==== Working data
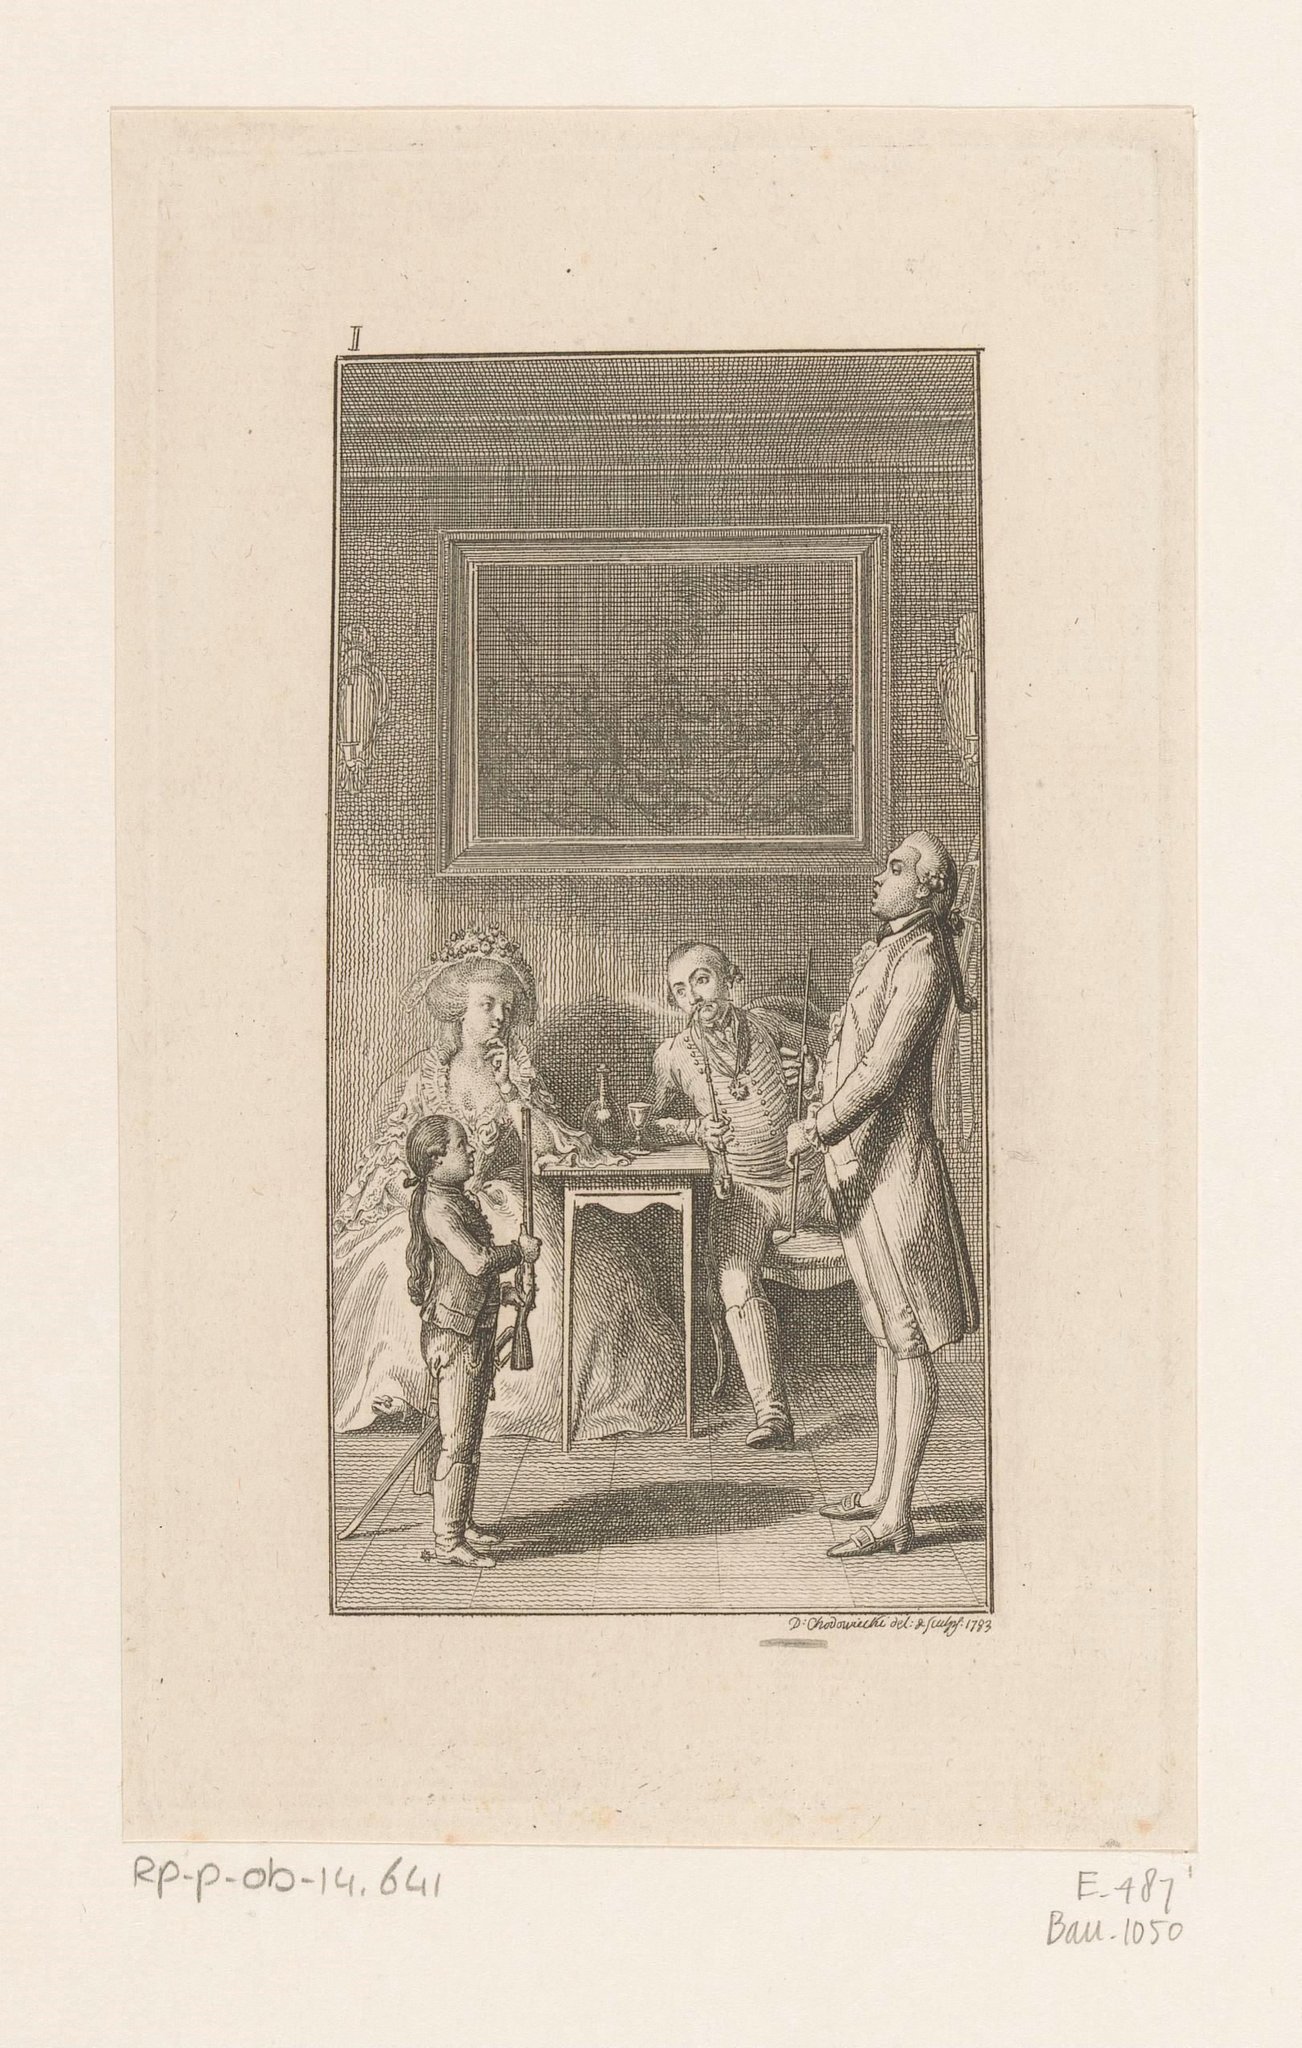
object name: print
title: Siegfried von Lindenberg krijgt van zijn bediende les over wapens
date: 1783
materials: paper
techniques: etching
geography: berlin
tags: parents with their children, literature, knighthood order, pipe ~ tobacco, hacking and thrusting weapons: sword, firearms: rifle, interior of the house, house personnel, servants
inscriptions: collector's mark: Lugt 2228
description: Prent uit: Müller, Johann Gottwerth. Siegfried von Lindenberg [..]. 3de druk. 4 dln. Leipzig: Carl Friedrich Schneidern, 1784, dl. 1.
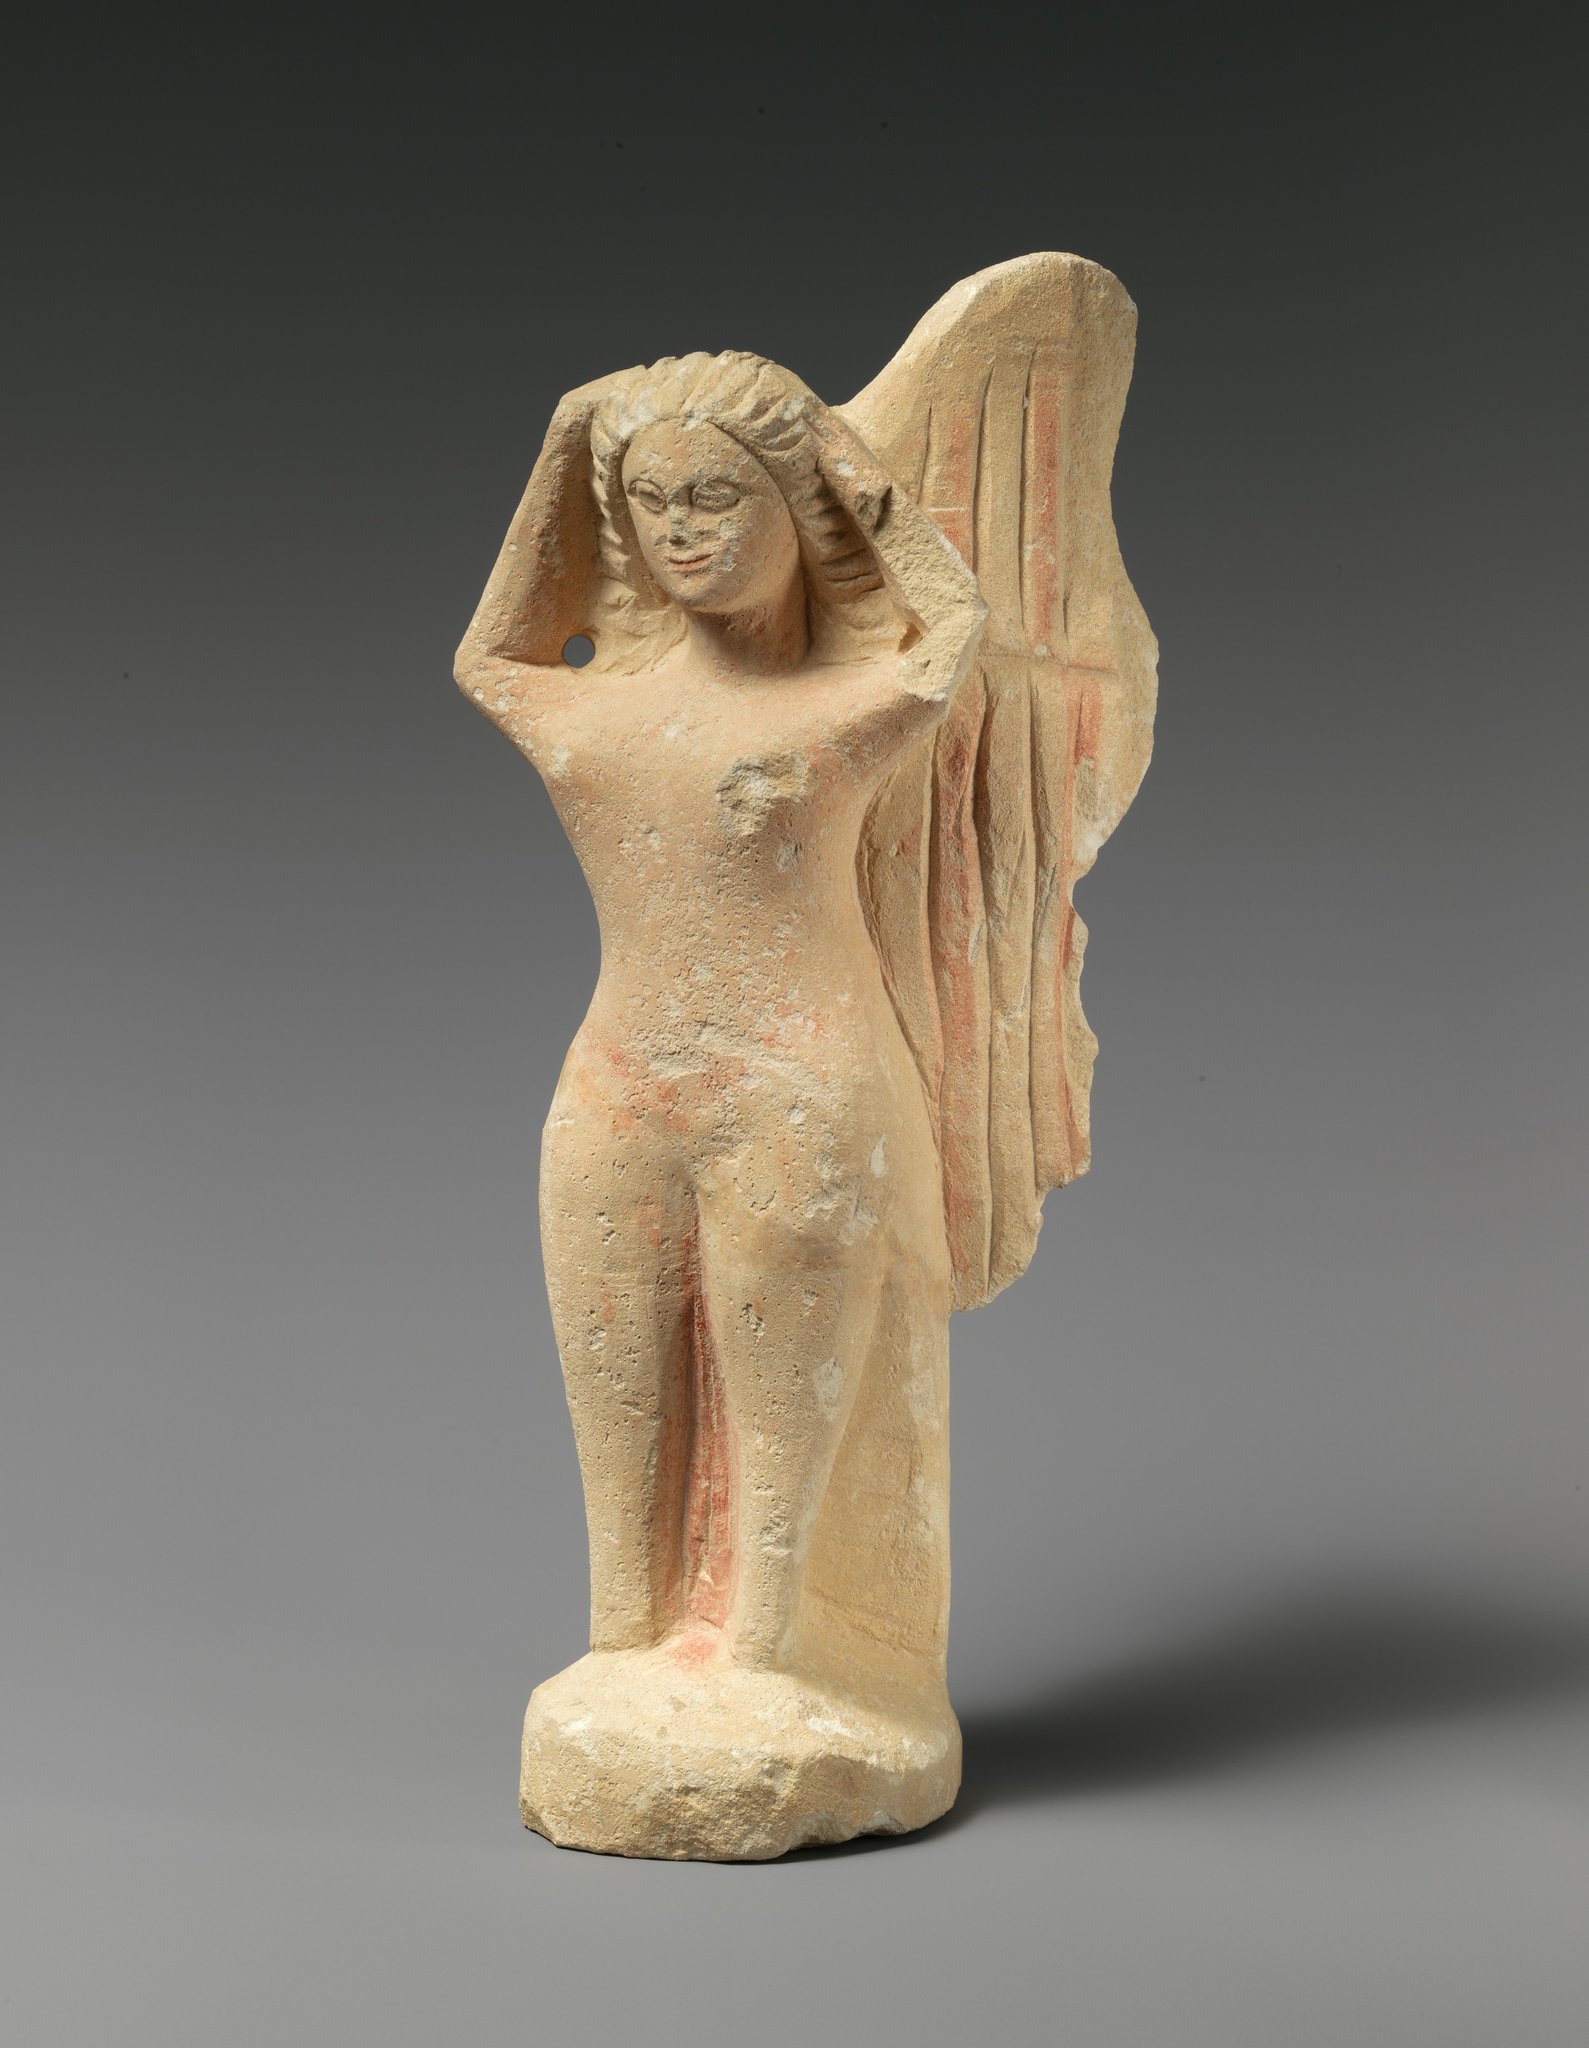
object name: statue of a harpy or siren
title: Limestone statuette of a mourning siren
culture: cypriot
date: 300-201 BCE
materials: limestone
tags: human figures
========
[Problem]: Reproduce, word for word, every line from the start of the records down to and including the line with "tags: parents with"; skip the pictures.

[Response area]:
object name: print
title: Siegfried von Lindenberg krijgt van zijn bediende les over wapens
date: 1783
materials: paper
techniques: etching
geography: berlin
tags: parents with their children, literature, knighthood order, pipe ~ tobacco, hacking and thrusting weapons: sword, firearms: rifle, interior of the house, house personnel, servants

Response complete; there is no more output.